▸ **Extracted records**
⟨
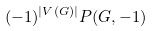Convert formula to latex. <formula><loc_0><loc_0><loc_500><loc_500>( - 1 ) ^ { | V ( G ) | } P ( G , - 1 )</formula> 
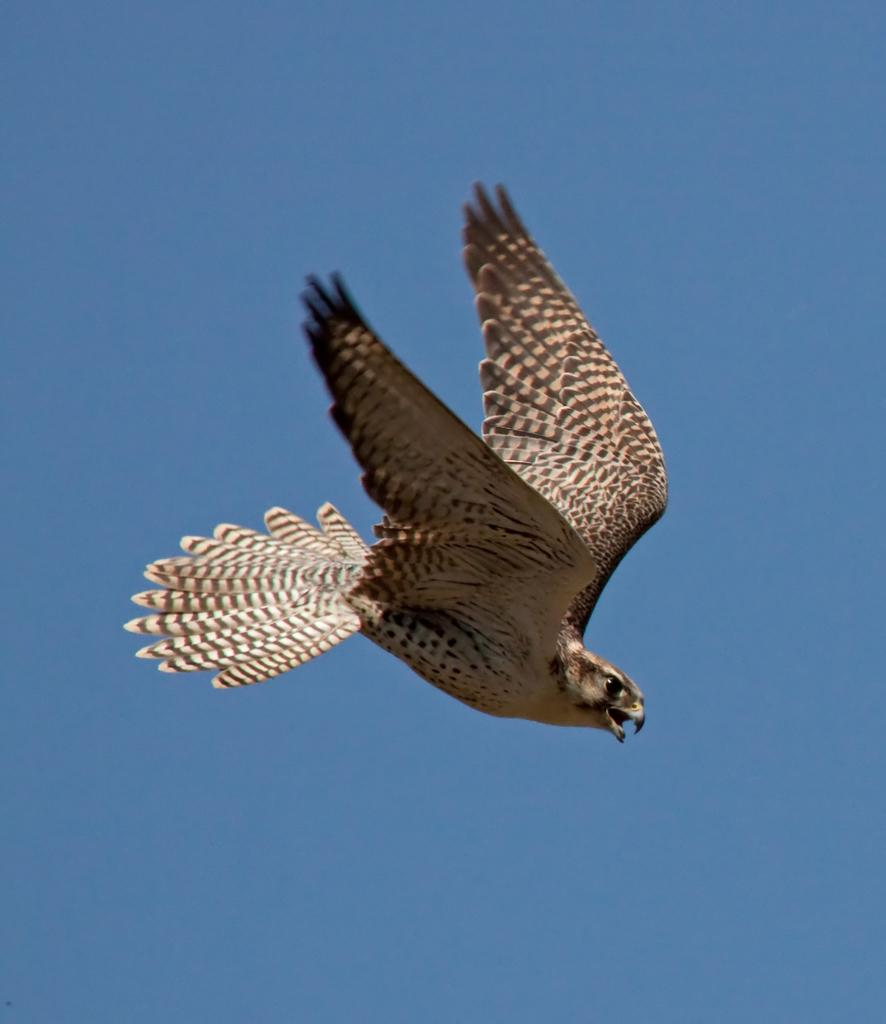What type of animal is present in the image? There is a bird in the image. What color is the background of the image? The background of the image is blue. Where is the party taking place in the image? There is no party present in the image; it only features a bird against a blue background. What type of utensil can be seen on the floor in the image? There is no utensil, such as a spoon, present on the floor in the image. 
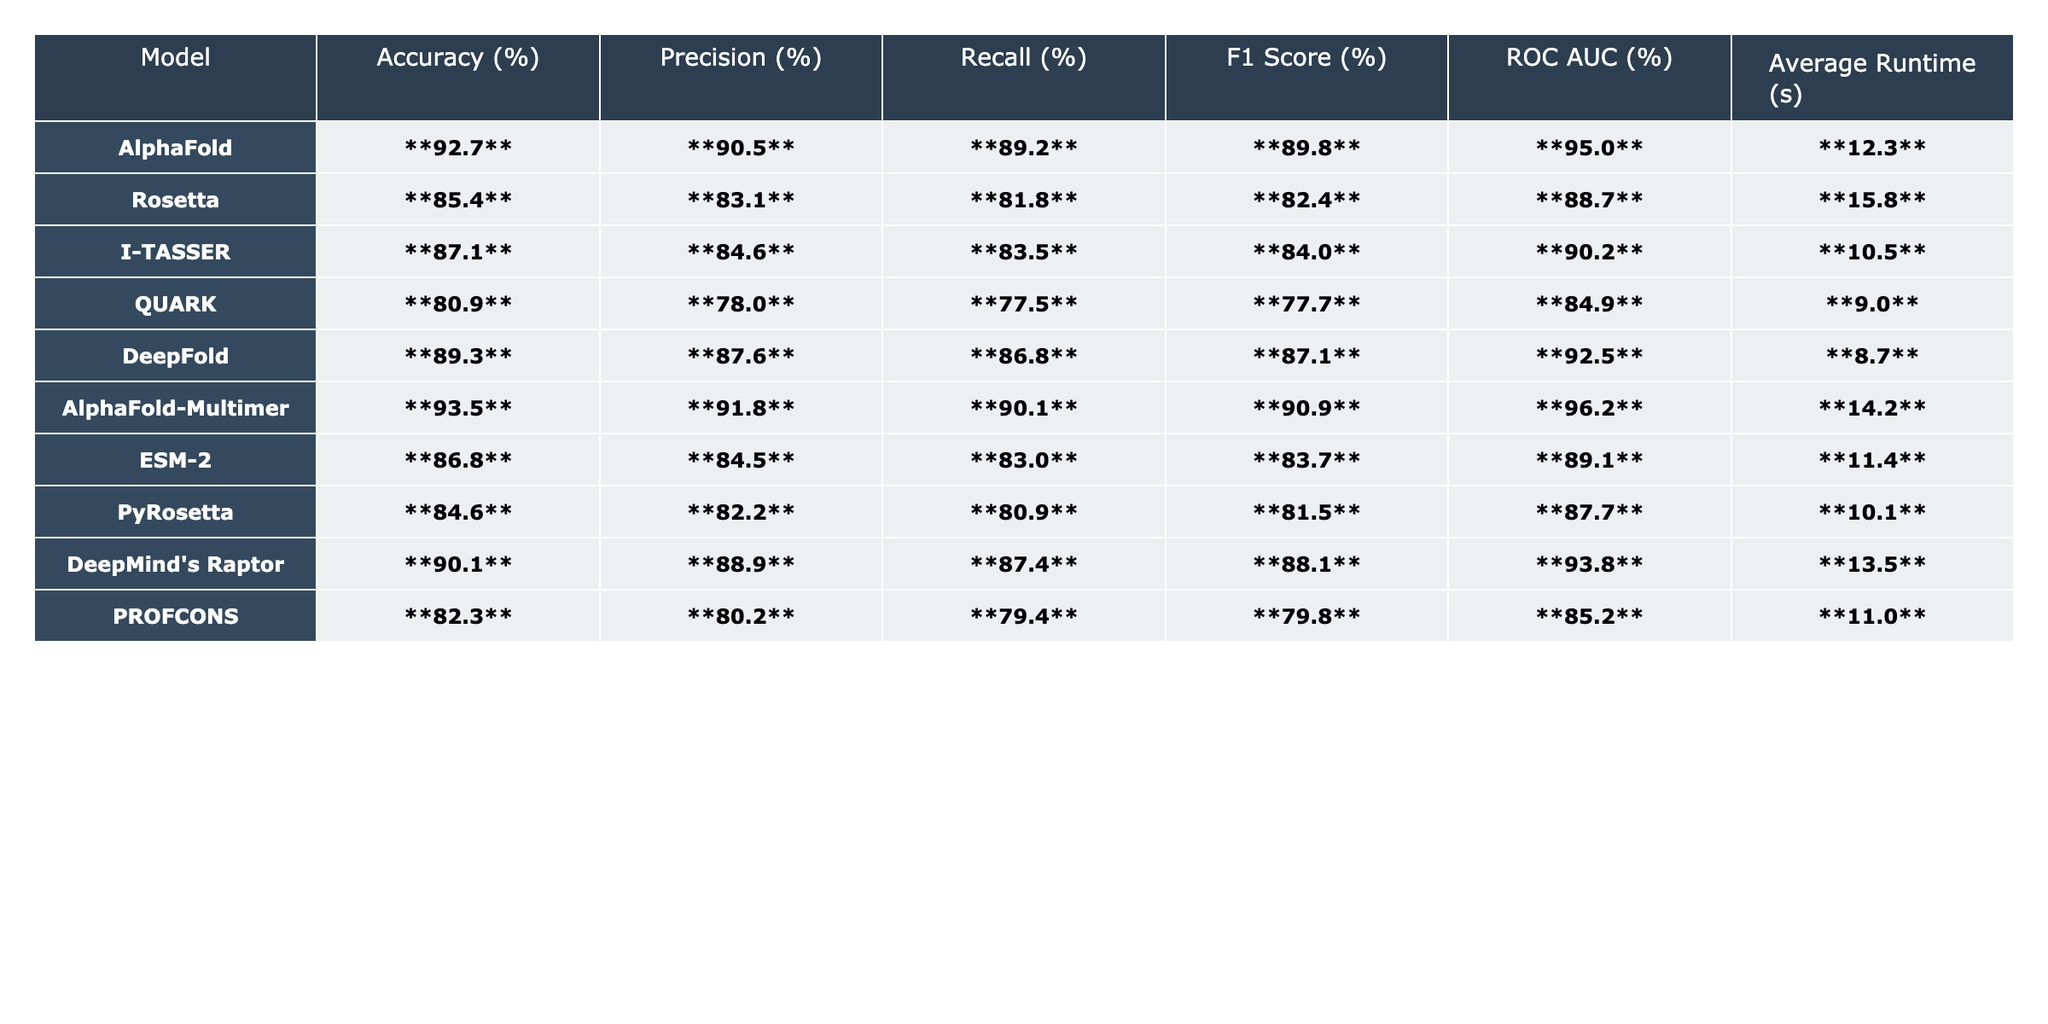What is the accuracy of AlphaFold? According to the table, the accuracy value for AlphaFold is given as **92.7%**.
Answer: 92.7% Which model has the highest F1 Score? The table shows that AlphaFold-Multimer has the highest F1 Score of **90.9%**, compared to other models.
Answer: AlphaFold-Multimer What is the average precision of the models listed? To find the average precision, sum the precision values (90.5 + 83.1 + 84.6 + 78.0 + 87.6 + 91.8 + 84.5 + 82.2 + 88.9 + 80.2) which equals 871.4. Dividing this by the number of models (10) gives us an average precision of 87.14%.
Answer: 87.14% Is the recall of DeepFold greater than that of Rosetta? DeepFold's recall is **86.8%** and Rosetta's recall is **81.8%**. Since 86.8% is greater than 81.8%, the statement is true.
Answer: Yes What is the difference in ROC AUC between AlphaFold-Multimer and QUARK? The ROC AUC for AlphaFold-Multimer is **96.2%** and for QUARK it is **84.9%**. The difference is calculated as 96.2 - 84.9 = 11.3%.
Answer: 11.3% Which model has the longest average runtime? Comparing the average runtimes, Rosetta has the longest at **15.8 seconds**.
Answer: Rosetta Are the accuracy and F1 Score of I-TASSER greater than 85%? I-TASSER's accuracy is **87.1%** and its F1 Score is **84.0%**. Since the F1 Score is not greater than 85%, the statement is false.
Answer: No If we consider the top three models based on accuracy, what is their average runtime? The three models with the highest accuracy are AlphaFold-Multimer (14.2s), AlphaFold (12.3s), and DeepFold (8.7s). Summing the runtimes gives 14.2 + 12.3 + 8.7 = 35.2. Dividing by 3 gives an average runtime of 11.73 seconds.
Answer: 11.73 Which model has the second highest ROC AUC value? The second highest ROC AUC in the table is from DeepMind's Raptor with **93.8%**, while AlphaFold-Multimer is the highest.
Answer: DeepMind's Raptor Is there a model that achieves an F1 Score above 85 without exceeding an accuracy of 90%? Both I-TASSER (accuracy 87.1%, F1 Score 84.0%) and DeepFold (accuracy 89.3%, F1 Score 87.1%) meet this criterion, as they both have F1 Scores above 85 but accuracy below 90.
Answer: Yes 
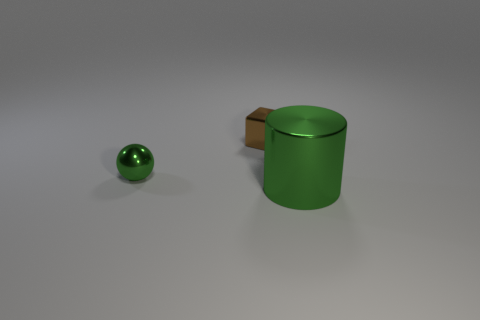Add 3 green blocks. How many objects exist? 6 Subtract all cylinders. How many objects are left? 2 Subtract 0 red cylinders. How many objects are left? 3 Subtract all small brown matte balls. Subtract all brown metal cubes. How many objects are left? 2 Add 3 metallic objects. How many metallic objects are left? 6 Add 1 small cylinders. How many small cylinders exist? 1 
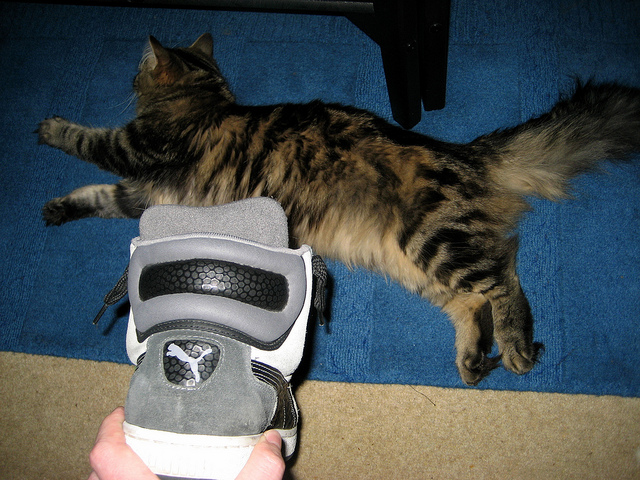<image>How long is the fur of the cat? I don't know how long is the fur of the cat. It could be long or medium. How long is the fur of the cat? I don't know how long the fur of the cat is. It can be long or medium. 
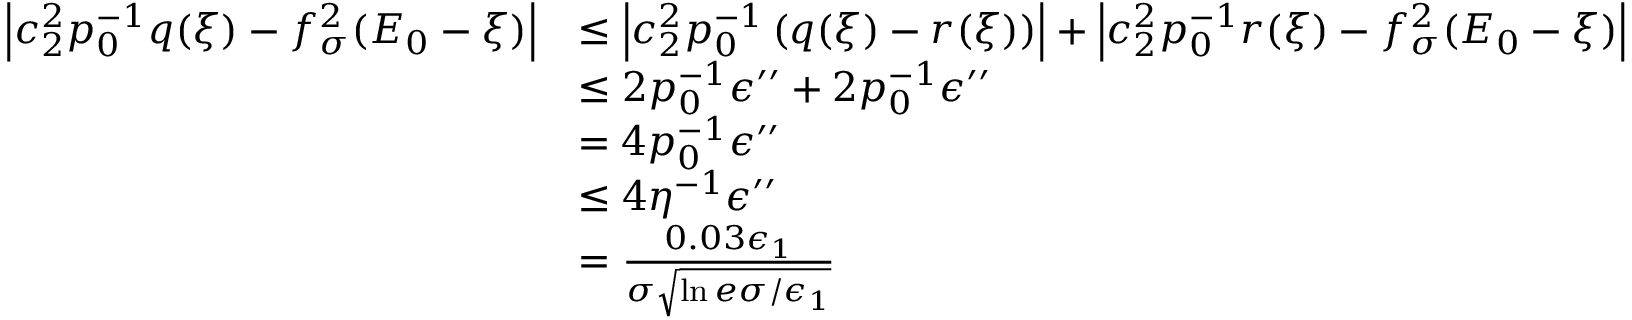Convert formula to latex. <formula><loc_0><loc_0><loc_500><loc_500>\begin{array} { r l } { \left | c _ { 2 } ^ { 2 } p _ { 0 } ^ { - 1 } q ( \xi ) - f _ { \sigma } ^ { 2 } ( E _ { 0 } - \xi ) \right | } & { \leq \left | c _ { 2 } ^ { 2 } p _ { 0 } ^ { - 1 } \left ( q ( \xi ) - r ( \xi ) \right ) \right | + \left | c _ { 2 } ^ { 2 } p _ { 0 } ^ { - 1 } r ( \xi ) - f _ { \sigma } ^ { 2 } ( E _ { 0 } - \xi ) \right | } \\ & { \leq 2 p _ { 0 } ^ { - 1 } \epsilon ^ { \prime \prime } + 2 p _ { 0 } ^ { - 1 } \epsilon ^ { \prime \prime } } \\ & { = 4 p _ { 0 } ^ { - 1 } \epsilon ^ { \prime \prime } } \\ & { \leq 4 \eta ^ { - 1 } \epsilon ^ { \prime \prime } } \\ & { = \frac { 0 . 0 3 \epsilon _ { 1 } } { \sigma \sqrt { \ln { e \sigma / \epsilon _ { 1 } } } } } \end{array}</formula> 
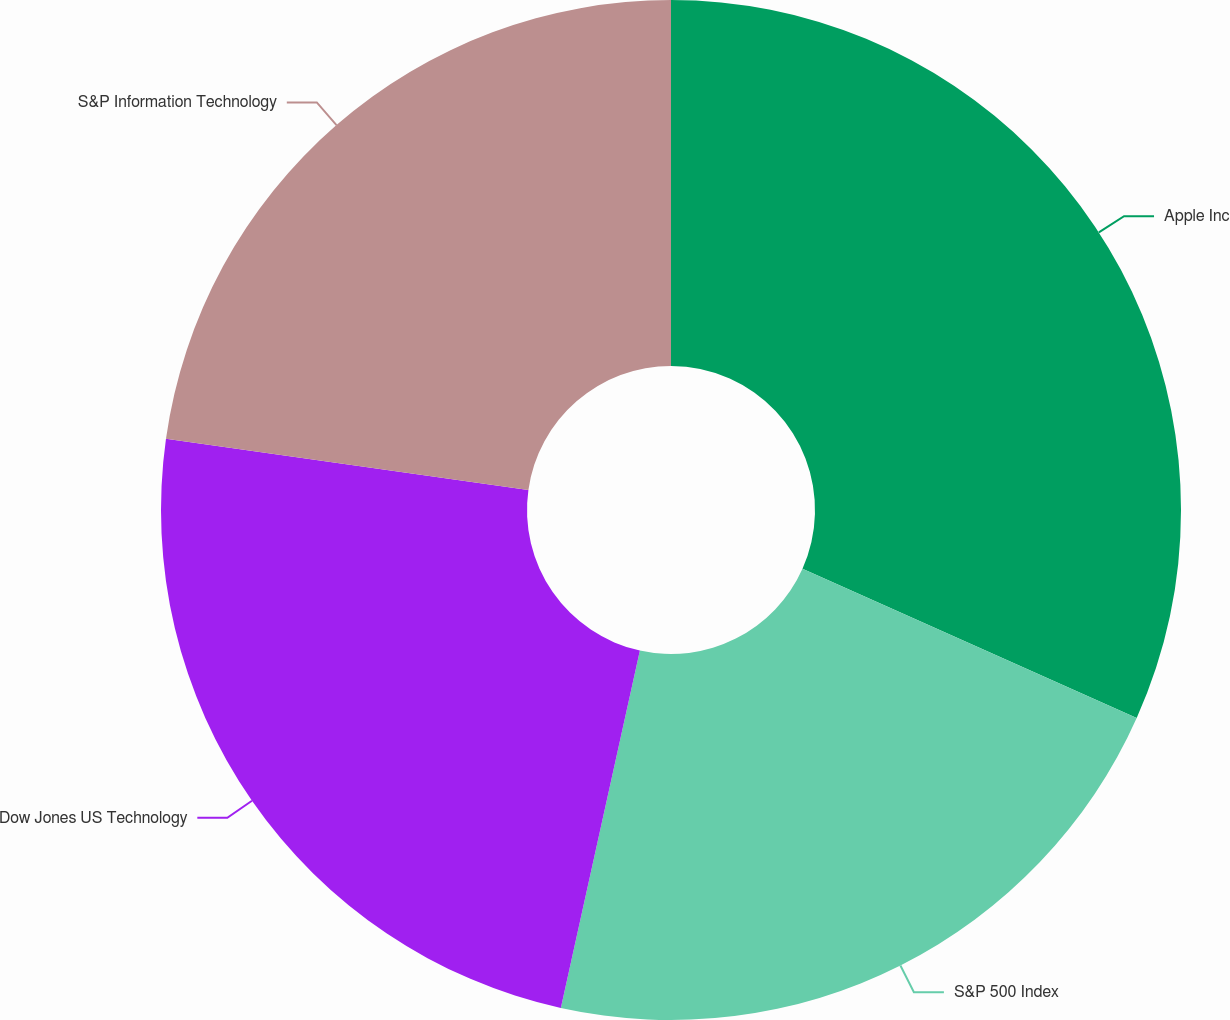<chart> <loc_0><loc_0><loc_500><loc_500><pie_chart><fcel>Apple Inc<fcel>S&P 500 Index<fcel>Dow Jones US Technology<fcel>S&P Information Technology<nl><fcel>31.68%<fcel>21.78%<fcel>23.76%<fcel>22.77%<nl></chart> 
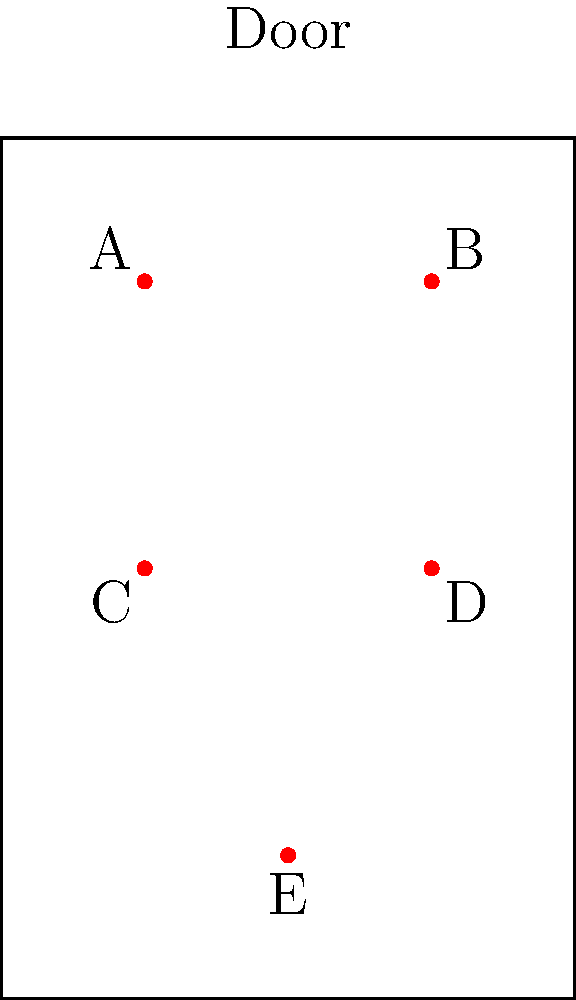Given a rectangular door with dimensions 4 units wide and 6 units tall, five locks (A, B, C, D, and E) are placed as shown in the diagram. What is the optimal configuration of three locks that maximizes the average distance between them, thereby increasing the difficulty for an intruder to compromise all locks simultaneously? To find the optimal configuration, we need to calculate the average distance between each possible combination of three locks and choose the one with the largest average distance. Here's how we can approach this:

1. List all possible combinations of three locks:
   ABC, ABD, ABE, ACD, ACE, ADE, BCD, BCE, BDE, CDE

2. Calculate the distance between each pair of locks in each combination using the distance formula: $d = \sqrt{(x_2-x_1)^2 + (y_2-y_1)^2}$

3. For each combination, calculate the average of the three distances between the locks.

4. Choose the combination with the largest average distance.

Let's calculate for a few key combinations:

ADE:
AD distance: $\sqrt{2^2 + 2^2} = 2\sqrt{2}$
AE distance: $\sqrt{1^2 + 4^2} = \sqrt{17}$
DE distance: $\sqrt{1^2 + 2^2} = \sqrt{5}$
Average: $\frac{2\sqrt{2} + \sqrt{17} + \sqrt{5}}{3} \approx 2.97$

ABE:
AB distance: 2
AE distance: $\sqrt{17}$
BE distance: $\sqrt{17}$
Average: $\frac{2 + 2\sqrt{17}}{3} \approx 3.08$

ACE:
AC distance: 2
AE distance: $\sqrt{17}$
CE distance: $\sqrt{13}$
Average: $\frac{2 + \sqrt{17} + \sqrt{13}}{3} \approx 3.19$

After calculating all combinations, we find that ACE has the largest average distance.
Answer: Locks A, C, and E
⟩
▸ **Action item**
Please print the lines above word for word, starting at the one with "Add 3 green" and ending at the one with "<image>How long is", both included, and without any picture.

▸ **Solved problem**
Add 3 green blocks. How many objects exist? 6 Subtract all cylinders. How many objects are left? 2 Subtract 0 red cylinders. How many objects are left? 3 Subtract all small brown matte balls. Subtract all brown metal cubes. How many objects are left? 2 Add 3 metallic objects. How many metallic objects are left? 6 Add 1 small cylinders. How many small cylinders exist? 1 
<image>How long is the fur of the cat? I don't know how long is the fur of the cat. It could be long or medium. How long is the fur of the cat? I don't know how long the fur of the cat is. It can be long or medium. 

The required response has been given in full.